Raus mit Applaus (oder auch nicht)
Am siebten Wochenende checkt "Hotel Transylvania: Summer Vacation" aus den Top Ten aus. 159 Millionen Dollar hat der 80 Millionen Dollar teure Animationsstreifen mit der Stimme von Adam Sandler umgesetzt. Nun müssen Columbia Pictures entscheiden, ob ihnen das reicht, um vielleicht noch einen vierten Teil zu produzieren.
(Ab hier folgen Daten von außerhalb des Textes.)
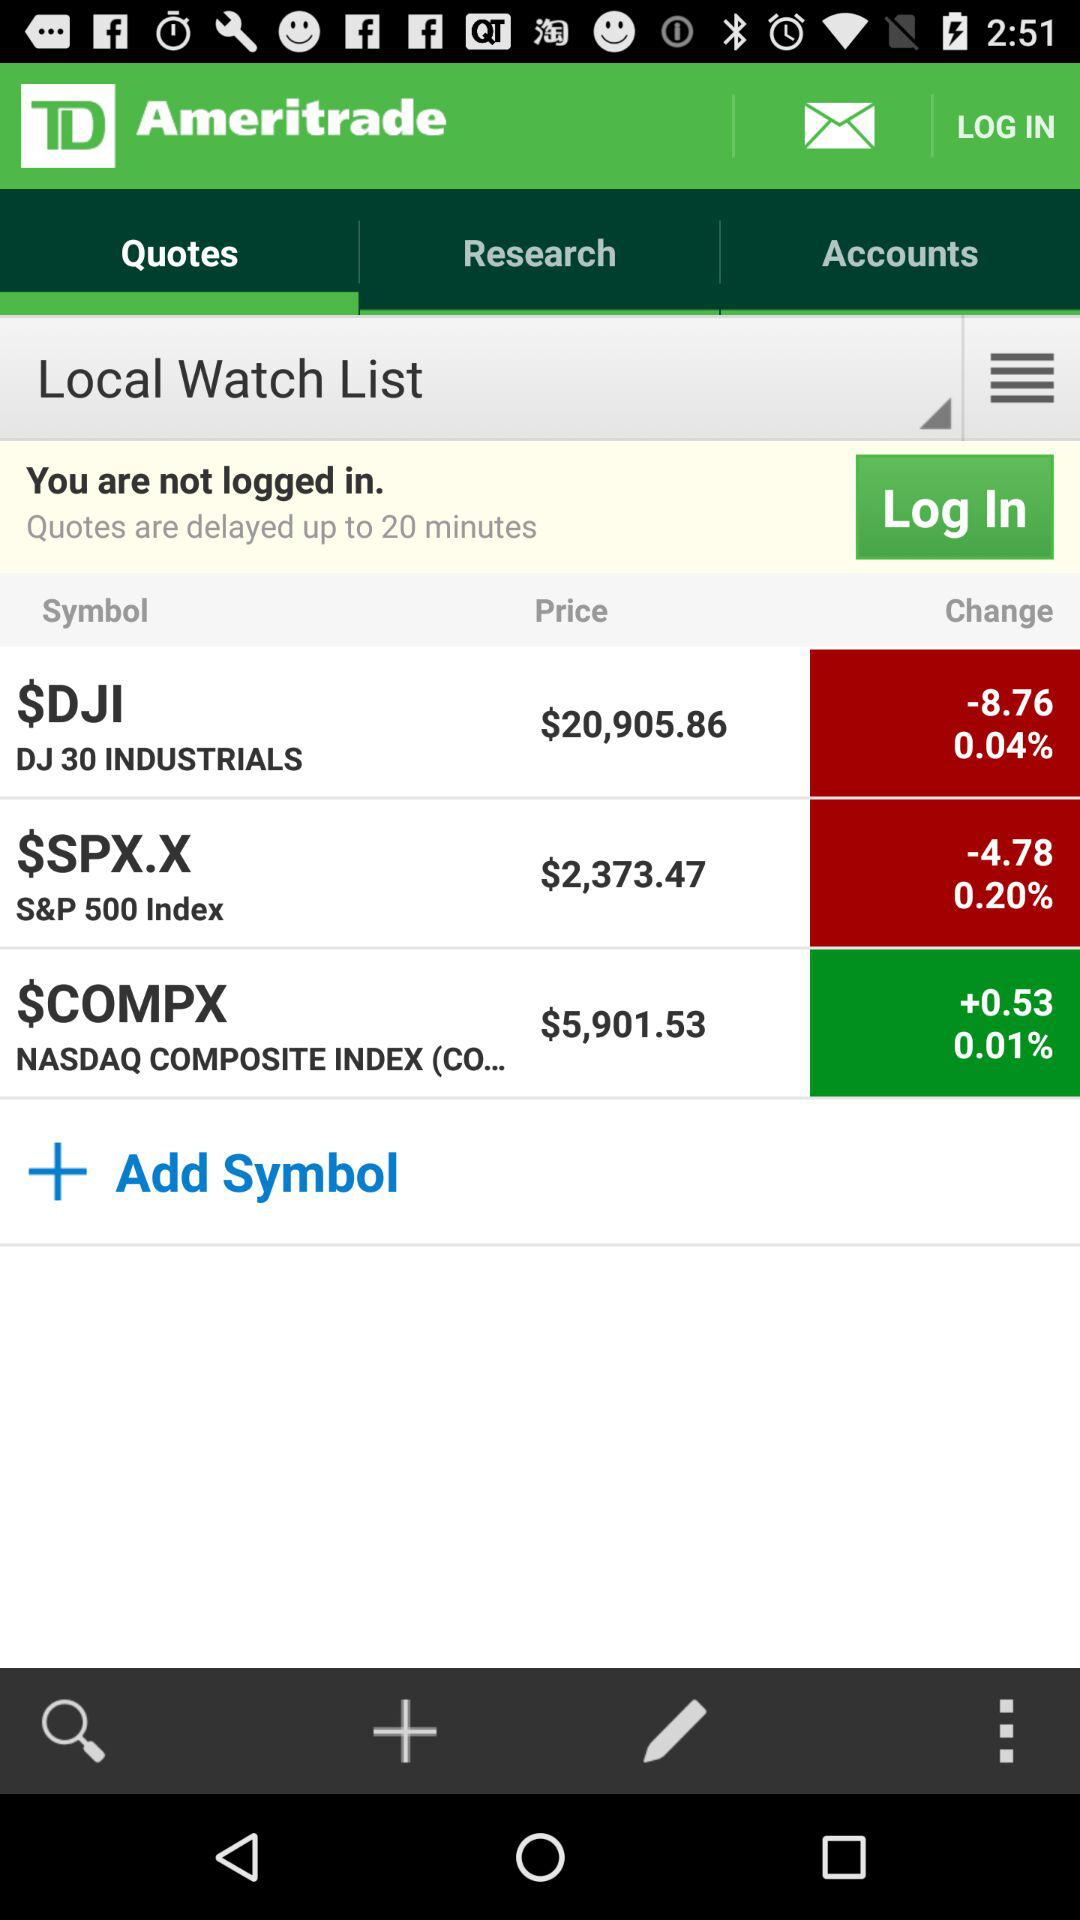What is the symbol for "S&P 500 Index"? The symbol for "S&P 500 Index" is $SPX.X.

Zweifelsohne kommt die Reihe beim Familienpublikum noch immer gut an und hat zumindest etwas mehr als das Original und etwas weniger als der zweite Teil eingebracht. Aber die Zuschauerzahlen sind die bisher schwächsten der Reihe, was ein Warnsignal sein könnte, das Rad nicht noch weiter zu drehen. Da im Ausland indes beeindruckende 303 Millionen Dollar zusammen gekommen sind, könnten Columbia auf diese Bank setzen.

Hinter dem Original und dessen 144 Millionen Dollar ist die Fortsetzung "Mamma Mia! Here We Go Again" zurück geblieben. In sechs Wochen hat das Musical mit Lily James 115 Millionen Dollar erlöst. Universal Pictures hatten 75 Millionen Dollar an Produktionskosten investiert. Im Ausland sind hervorragende 230 Millionen Dollar dazugekommen, was allerdings deutlich unter den 465 Millionen Dollar für "Mamma Mia!" liegt. Auch hier müssen Universal mit dem weltweiten Einspiel von rund 350 Millionen Dollar - das Original erzielte 610 Millionen Dollar - abwägen, ob eine weitere Fortsetzung Sinn machen würde.